[EXERCISE DETAILS] Please return all lines from the records below that include the string "instrument".

[Data entries]
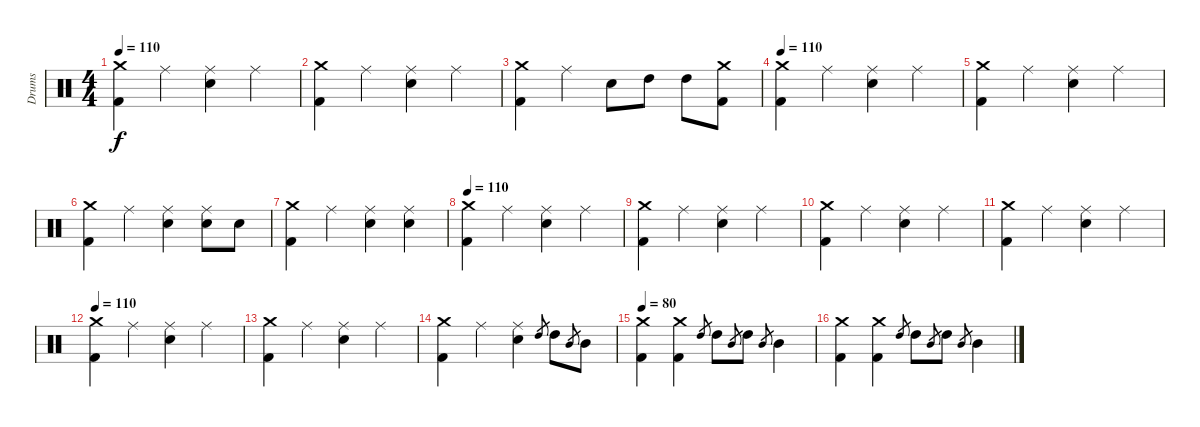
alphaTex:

\track ("Drums" "Drums") {instrument percussion}
\staff {score}
\articulation defaults
\ts (4 4)
\tempo 110
\clef neutral
\ks c
("Crash medium (hit)" "Kick (hit) 2").4{dy f} "Ride (middle)".4 ("Ride (middle)" "Electric Snare (hit)").4 "Ride (middle)".4 |
("Crash medium (hit)" "Kick (hit) 2").4 "Ride (middle)".4 ("Ride (middle)" "Electric Snare (hit)").4 "Ride (middle)".4 |
("Crash medium (hit)" "Kick (hit) 2").4 "Ride (middle)".4 "Electric Snare (hit)".8 "High Tom (hit)".8 "High Tom (hit)".8 ("Crash medium (hit)" "Kick (hit) 2").8 |
\tempo 110
("Crash medium (hit)" "Kick (hit) 2").4 "Ride (middle)".4 ("Ride (middle)" "Electric Snare (hit)").4 "Ride (middle)".4 |
("Crash medium (hit)" "Kick (hit) 2").4 "Ride (middle)".4 ("Ride (middle)" "Electric Snare (hit)").4 "Ride (middle)".4 |
("Crash medium (hit)" "Kick (hit) 2").4 "Ride (middle)".4 ("Ride (middle)" "Electric Snare (hit)").4 ("Ride (middle)" "Electric Snare (hit)").8 "Electric Snare (hit)".8 |
("Crash medium (hit)" "Kick (hit) 2").4 "Ride (middle)".4 ("Ride (middle)" "Electric Snare (hit)").4 ("Ride (middle)" "Electric Snare (hit)").4 |
\tempo 110
("Crash medium (hit)" "Kick (hit) 2").4 "Ride (middle)".4 ("Ride (middle)" "Electric Snare (hit)").4 "Ride (middle)".4 |
("Crash medium (hit)" "Kick (hit) 2").4 "Ride (middle)".4 ("Ride (middle)" "Electric Snare (hit)").4 "Ride (middle)".4 |
("Crash medium (hit)" "Kick (hit) 2").4 "Ride (middle)".4 ("Ride (middle)" "Electric Snare (hit)").4 "Ride (middle)".4 |
("Crash medium (hit)" "Kick (hit) 2").4 "Ride (middle)".4 ("Ride (middle)" "Electric Snare (hit)").4 "Ride (middle)".4 |
\tempo 110
("Crash medium (hit)" "Kick (hit) 2").4 "Ride (middle)".4 ("Ride (middle)" "Electric Snare (hit)").4 "Ride (middle)".4 |
("Crash medium (hit)" "Kick (hit) 2").4 "Ride (middle)".4 ("Ride (middle)" "Electric Snare (hit)").4 "Ride (middle)".4 |
("Crash medium (hit)" "Kick (hit) 2").4 "Ride (middle)".4 ("Ride (middle)" "Electric Snare (hit)").4 "High Tom (hit)".8{gr} "High Tom (hit)".8 "Mid Tom (hit)".8{gr} "Mid Tom (hit)".8 |
\tempo 80
("Crash medium (hit)" "Kick (hit) 2").4 ("Crash medium (hit)" "Kick (hit) 2").4 "High Tom (hit)".8{gr} "High Tom (hit)".8 "Mid Tom (hit)".8{gr} "High Tom (hit)".8 "Mid Tom (hit)".8{gr} "Mid Tom (hit)".4 |
("Crash medium (hit)" "Kick (hit) 2").4 ("Crash medium (hit)" "Kick (hit) 2").4 "High Tom (hit)".8{gr} "High Tom (hit)".8 "Mid Tom (hit)".8{gr} "High Tom (hit)".8 "Mid Tom (hit)".8{gr} "Mid Tom (hit)".4
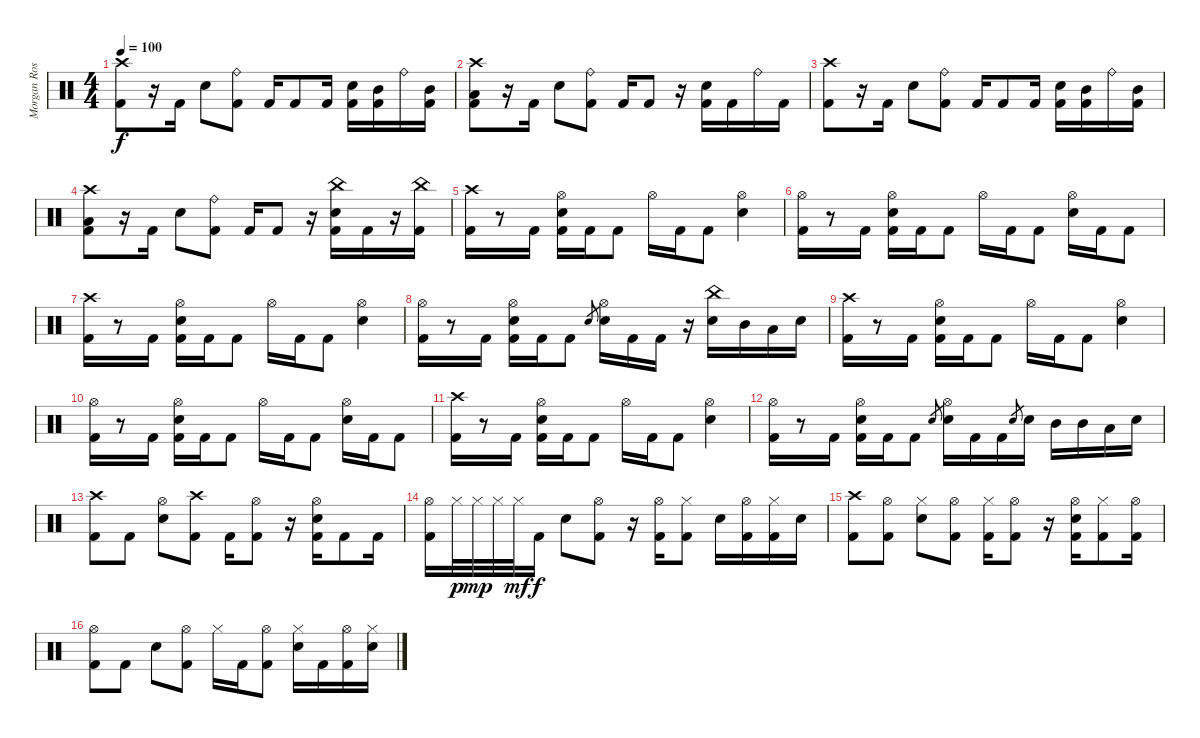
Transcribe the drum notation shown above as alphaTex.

\track ("Morgan Rose - Drums" "Morgan Ros") {instrument percussion}
\staff {score}
\articulation defaults
\ts (4 4)
\tempo 100
\clef neutral
\ks c
("Crash high (hit)" "Kick (hit) 2").8{dy f} r.16 "Kick (hit) 2".16 "Electric Snare (hit)".8 ("Ride (bell)" "Kick (hit) 2").8 "Kick (hit) 2".16 "Kick (hit) 2".8 "Kick (hit) 2".16 ("Electric Snare (hit)" "Kick (hit) 2").16 ("Mid Tom (hit)" "Kick (hit) 2").16 "Ride (bell)".16 ("Mid Tom (hit)" "Kick (hit) 2").16 |
("Crash high (hit)" "Low Tom (hit)" "Kick (hit) 2").8 r.16 "Kick (hit) 2".16 "Electric Snare (hit)".8 ("Ride (bell)" "Kick (hit) 2").8 "Kick (hit) 2".16 "Kick (hit) 2".8 r.16 ("Electric Snare (hit)" "Kick (hit) 2").16 "Kick (hit) 2".16 "Ride (bell)".16 "Kick (hit) 2".16 |
("Crash high (hit)" "Kick (hit) 2").8 r.16 "Kick (hit) 2".16 "Electric Snare (hit)".8 ("Ride (bell)" "Kick (hit) 2").8 "Kick (hit) 2".16 "Kick (hit) 2".8 "Kick (hit) 2".16 ("Electric Snare (hit)" "Kick (hit) 2").16 ("Mid Tom (hit)" "Kick (hit) 2").16 "Ride (bell)".16 ("Mid Tom (hit)" "Kick (hit) 2").16 |
("Crash high (hit)" "Low Tom (hit)" "Kick (hit) 2").8 r.16 "Kick (hit) 2".16 "Electric Snare (hit)".8 ("Ride (bell)" "Kick (hit) 2").8 "Kick (hit) 2".16 "Kick (hit) 2".8 r.16 ("China (hit)" "Electric Snare (hit)" "Kick (hit) 2").16 "Kick (hit) 2".16 r.16 ("China (hit)" "Kick (hit) 2").16 |
("Crash high (hit)" "Kick (hit) 2").16 r.8 "Kick (hit) 2".16 ("Hi-Hat (open)" "Electric Snare (hit)" "Kick (hit) 2").16 "Kick (hit) 2".16 "Kick (hit) 2".8 "Hi-Hat (open)".16 "Kick (hit) 2".16 "Kick (hit) 2".8 ("Hi-Hat (open)" "Electric Snare (hit)").4 |
("Hi-Hat (open)" "Kick (hit) 2").16 r.8 "Kick (hit) 2".16 ("Hi-Hat (open)" "Electric Snare (hit)" "Kick (hit) 2").16 "Kick (hit) 2".16 "Kick (hit) 2".8 "Hi-Hat (open)".16 "Kick (hit) 2".16 "Kick (hit) 2".8 ("Hi-Hat (open)" "Electric Snare (hit)").16 "Kick (hit) 2".16 "Kick (hit) 2".8 |
("Crash high (hit)" "Kick (hit) 2").16 r.8 "Kick (hit) 2".16 ("Hi-Hat (open)" "Electric Snare (hit)" "Kick (hit) 2").16 "Kick (hit) 2".16 "Kick (hit) 2".8 "Hi-Hat (open)".16 "Kick (hit) 2".16 "Kick (hit) 2".8 ("Hi-Hat (open)" "Electric Snare (hit)").4 |
("Hi-Hat (open)" "Kick (hit) 2").16 r.8 "Kick (hit) 2".16 ("Hi-Hat (open)" "Electric Snare (hit)" "Kick (hit) 2").16 "Kick (hit) 2".16 "Kick (hit) 2".8 "Electric Snare (hit)"{sl}.8{gr} ("Hi-Hat (open)" "Electric Snare (hit)").16 "Kick (hit) 2".16 "Kick (hit) 2".16 r.16 ("China (hit)" "Electric Snare (hit)").16 "Mid Tom (hit)".16 "Low Tom (hit)".16 "Electric Snare (hit)".16 |
("Crash high (hit)" "Kick (hit) 2").16 r.8 "Kick (hit) 2".16 ("Hi-Hat (open)" "Electric Snare (hit)" "Kick (hit) 2").16 "Kick (hit) 2".16 "Kick (hit) 2".8 "Hi-Hat (open)".16 "Kick (hit) 2".16 "Kick (hit) 2".8 ("Hi-Hat (open)" "Electric Snare (hit)").4 |
("Hi-Hat (open)" "Kick (hit) 2").16 r.8 "Kick (hit) 2".16 ("Hi-Hat (open)" "Electric Snare (hit)" "Kick (hit) 2").16 "Kick (hit) 2".16 "Kick (hit) 2".8 "Hi-Hat (open)".16 "Kick (hit) 2".16 "Kick (hit) 2".8 ("Hi-Hat (open)" "Electric Snare (hit)").16 "Kick (hit) 2".16 "Kick (hit) 2".8 |
("Crash high (hit)" "Kick (hit) 2").16 r.8 "Kick (hit) 2".16 ("Hi-Hat (open)" "Electric Snare (hit)" "Kick (hit) 2").16 "Kick (hit) 2".16 "Kick (hit) 2".8 "Hi-Hat (open)".16 "Kick (hit) 2".16 "Kick (hit) 2".8 ("Hi-Hat (open)" "Electric Snare (hit)").4 |
("Hi-Hat (open)" "Kick (hit) 2").16 r.8 "Kick (hit) 2".16 ("Hi-Hat (open)" "Electric Snare (hit)" "Kick (hit) 2").16 "Kick (hit) 2".16 "Kick (hit) 2".8 "Electric Snare (hit)"{sl}.8{gr} ("Hi-Hat (open)" "Electric Snare (hit)").16 "Kick (hit) 2".16 "Kick (hit) 2".16 "Electric Snare (hit)".8{gr} "Electric Snare (hit)".16 "Mid Tom (hit)".16 "Mid Tom (hit)".16 "Low Tom (hit)".16 "Electric Snare (hit)".16 |
("Crash high (hit)" "Kick (hit) 2").8 "Kick (hit) 2".8 ("Hi-Hat (open)" "Electric Snare (hit)").8 ("Crash high (hit)" "Kick (hit) 2").8 "Kick (hit) 2".16 ("Hi-Hat (open)" "Kick (hit) 2").8 r.16 ("Hi-Hat (open)" "Electric Snare (hit)" "Kick (hit) 2").16 "Kick (hit) 2".8 "Kick (hit) 2".16 |
("Hi-Hat (open)" "Kick (hit) 2").16 "Hi-Hat (closed)".32{dy p} "Hi-Hat (closed)".32{dy mp} "Hi-Hat (closed)".32 "Hi-Hat (closed)".32{dy mf} "Kick (hit) 2".16{dy f} "Electric Snare (hit)".8 ("Hi-Hat (open)" "Kick (hit) 2").8 r.16 ("Hi-Hat (open)" "Kick (hit) 2").16 ("Hi-Hat (closed)" "Kick (hit) 2").8 "Electric Snare (hit)".16 ("Hi-Hat (open)" "Kick (hit) 2").16 ("Hi-Hat (closed)" "Kick (hit) 2").16 "Electric Snare (hit)".16 |
("Crash high (hit)" "Kick (hit) 2").8 ("Hi-Hat (open)" "Kick (hit) 2").8 ("Hi-Hat (closed)" "Electric Snare (hit)").8 ("Hi-Hat (open)" "Kick (hit) 2").8 ("Hi-Hat (closed)" "Kick (hit) 2").16 ("Hi-Hat (open)" "Kick (hit) 2").8 r.16 ("Hi-Hat (open)" "Electric Snare (hit)" "Kick (hit) 2").16 ("Hi-Hat (closed)" "Kick (hit) 2").8 ("Hi-Hat (open)" "Kick (hit) 2").16 |
("Hi-Hat (open)" "Kick (hit) 2").8 "Kick (hit) 2".8 "Electric Snare (hit)".8 ("Hi-Hat (open)" "Kick (hit) 2").8 "Hi-Hat (closed)".16 "Kick (hit) 2".16 ("Hi-Hat (open)" "Kick (hit) 2").8 ("Hi-Hat (closed)" "Electric Snare (hit)").16 "Kick (hit) 2".16 ("Hi-Hat (open)" "Kick (hit) 2").16 ("Hi-Hat (closed)" "Electric Snare (hit)").16

[ANSWER BOX]
\track ("Drums" "Drums") {instrument percussion}
\track ("Morgan Rose - Drums" "Morgan Ros") {instrument percussion}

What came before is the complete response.